# duda puerto paralelo



## orodrig2006 (May 29, 2006)

necesito pasar 1 byte (8 bits) por el puerto paralelo al computador,ya que al convertir una  señal analoga de 5 volts en el conversor ADC0804 en digital quedara 11111111,  pero el puerto paralelo por lo que me han dicho tiene 5 pines para entrada, una forma dicen que es mandar la información en 2 tramos, 
¿hay otra forma de hacerlo o como se hace esto ?
 ¿Existe un programa en VISUAl BASIC para controlar esto?
De antemano, graciass


----------



## alcana (Jun 2, 2006)

El puerto paralelo creo recordar que tiene 3 puertos uno de datos que seguro que es bidireccional y otro de estado y de control.
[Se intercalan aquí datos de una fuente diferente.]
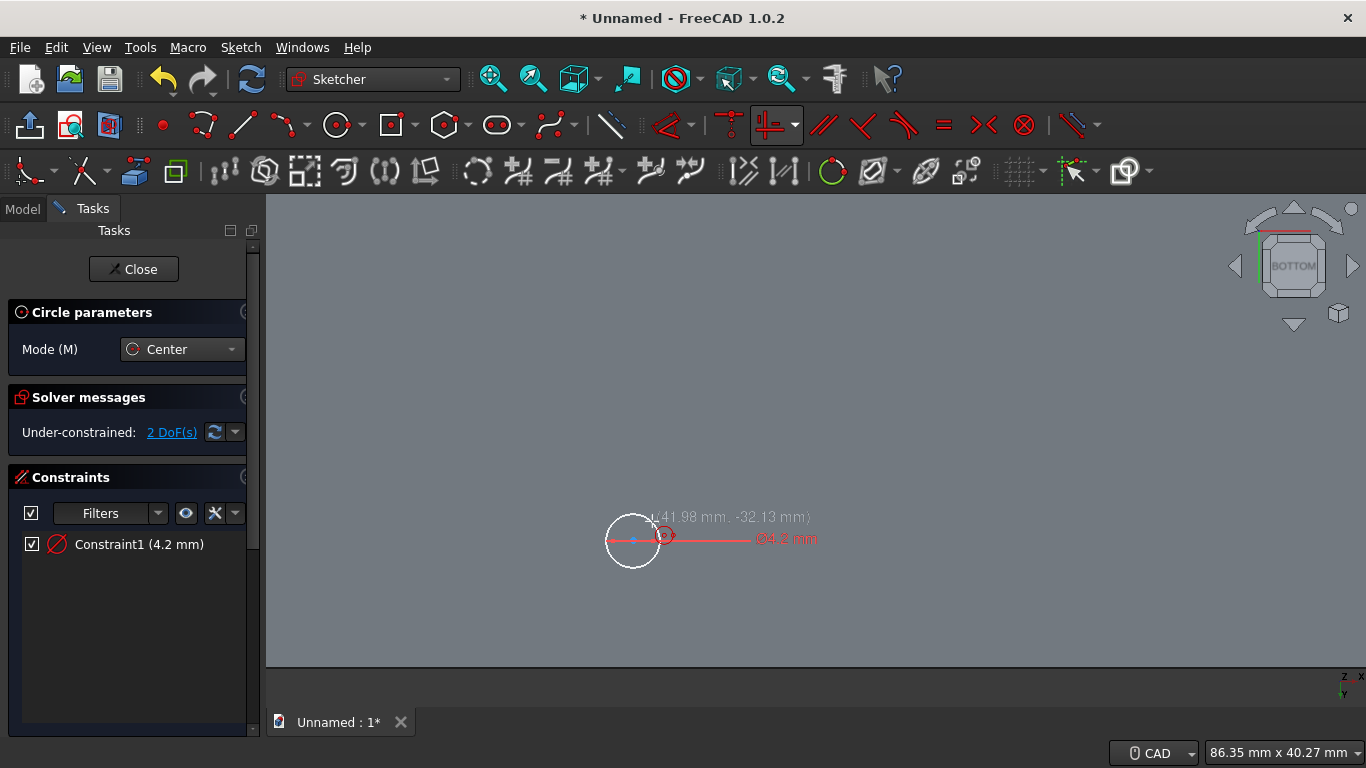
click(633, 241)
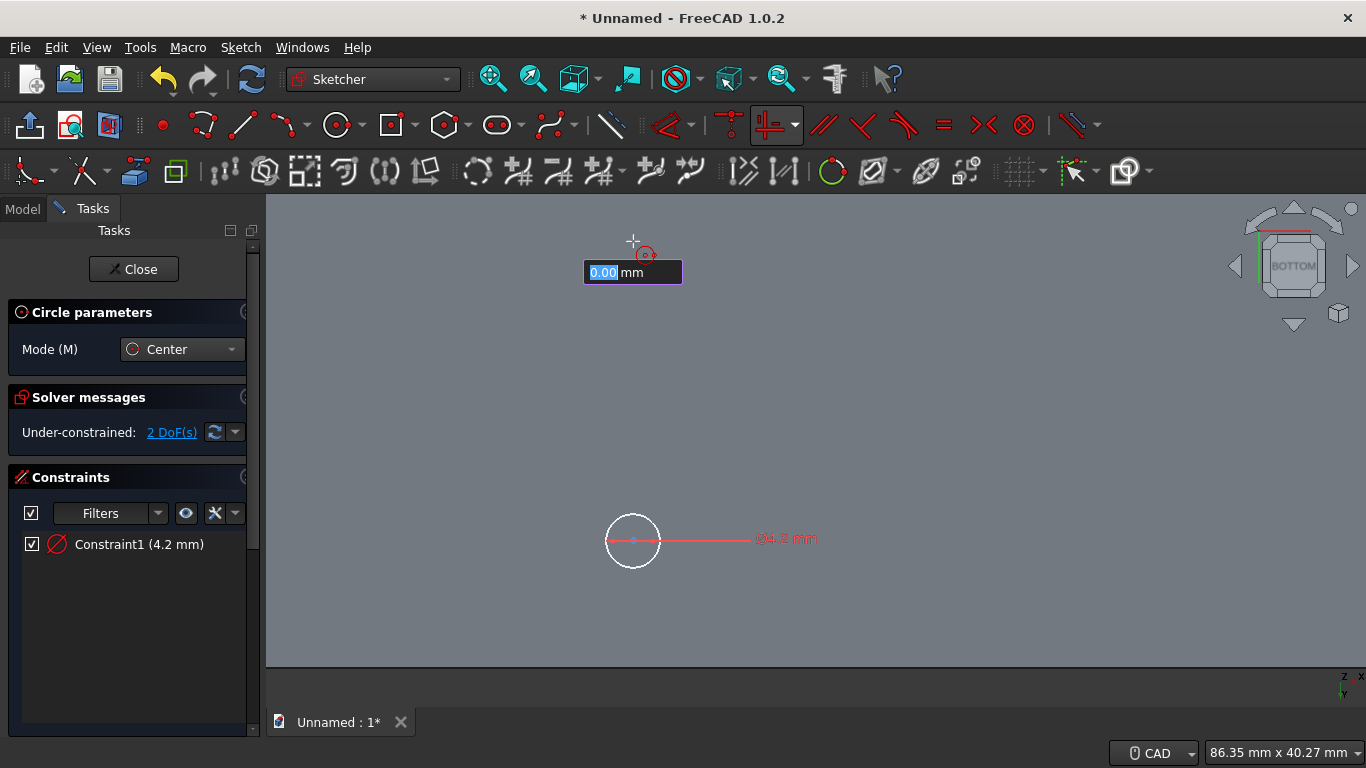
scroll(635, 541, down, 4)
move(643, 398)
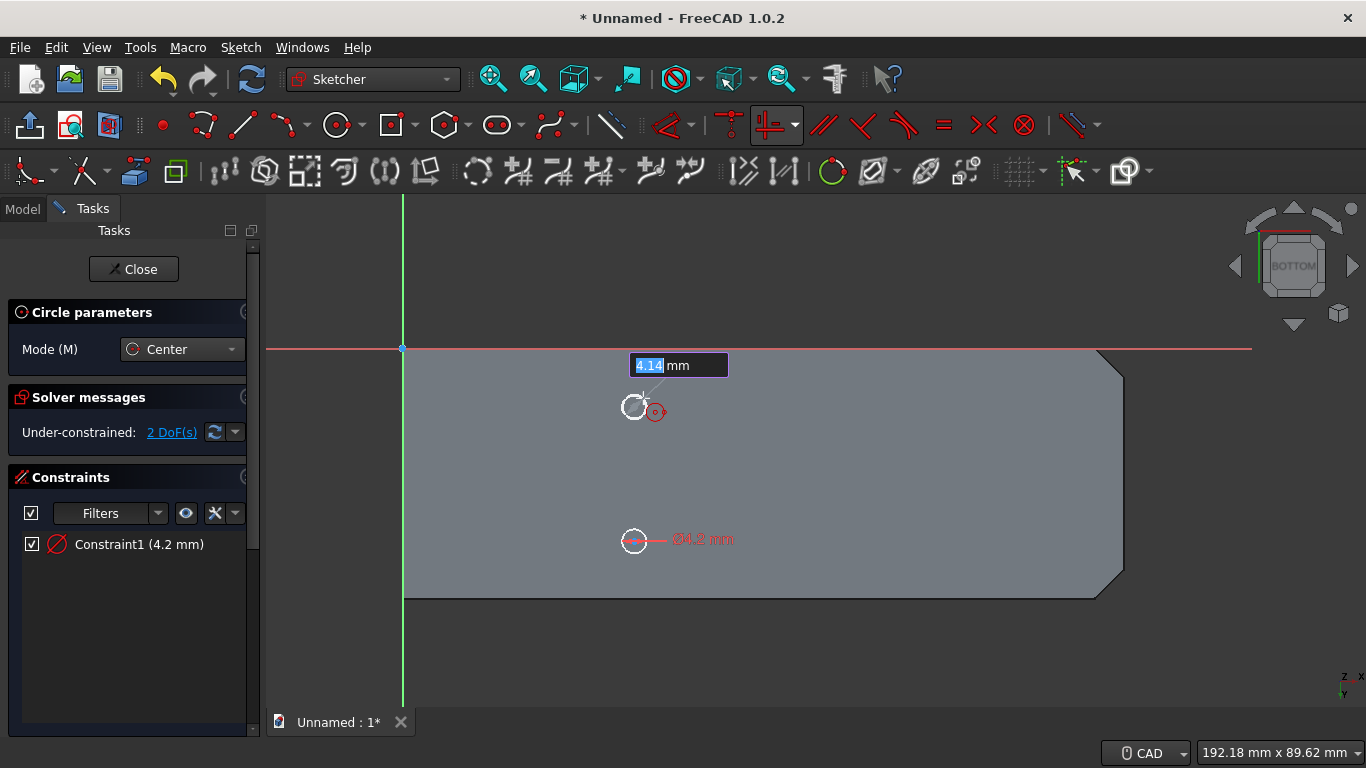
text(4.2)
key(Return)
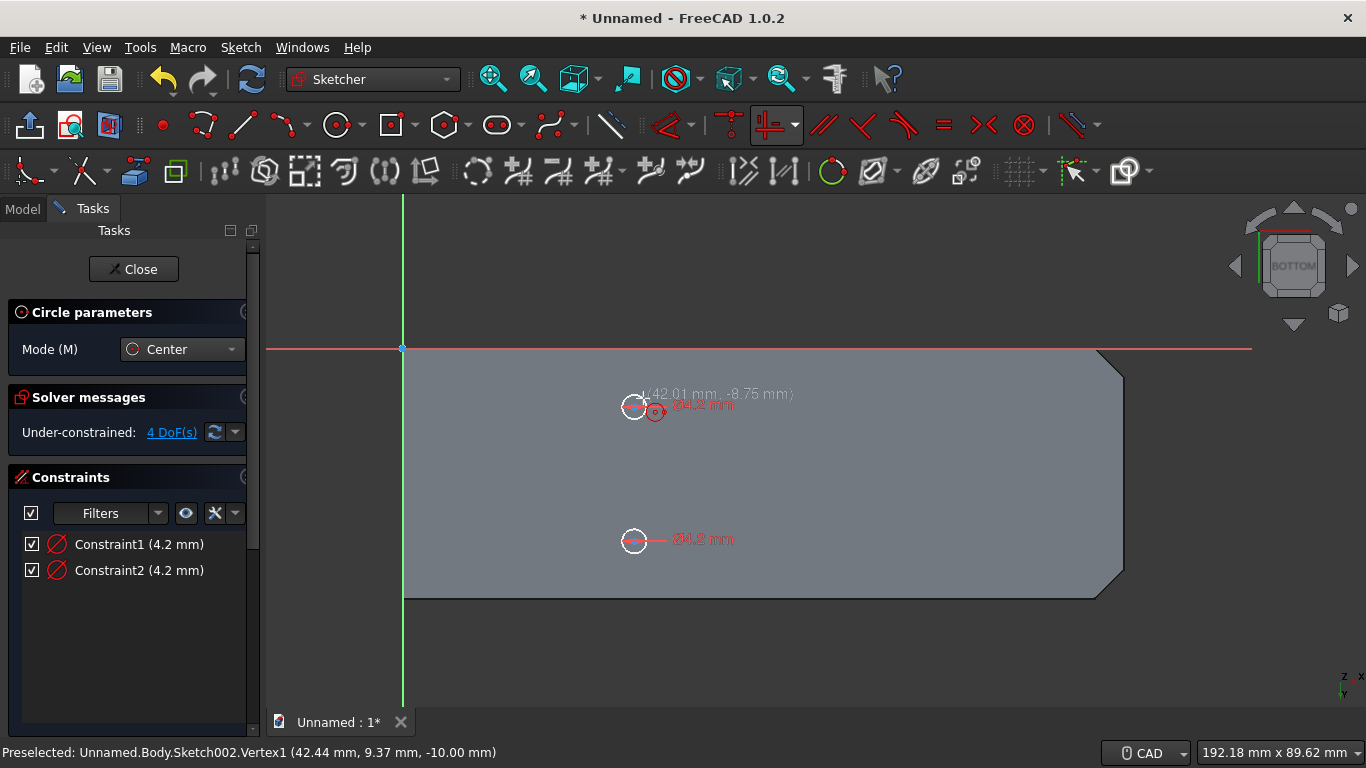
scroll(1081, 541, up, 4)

El de datos es de 8 bits.


----------



## MaMu (Jun 2, 2006)

orodrig2006 dijo:
			
		

> necesito pasar 1 byte (8 bits) por el puerto paralelo al computador,ya que al convertir una  señal analoga de 5 volts en el conversor ADC0804 en digital quedara 11111111,  pero el puerto paralelo por lo que me han dicho tiene 5 pines para entrada, una forma dicen que es mandar la información en 2 tramos,
> ¿hay otra forma de hacerlo o como se hace esto ?
> ¿Existe un programa en VISUAl BASIC para controlar esto?
> De antemano, graciass



SHL (and) SHR

o 

SHL (or) SHR

Con corrimientos juntas los 2 tramos.

Saludos.


----------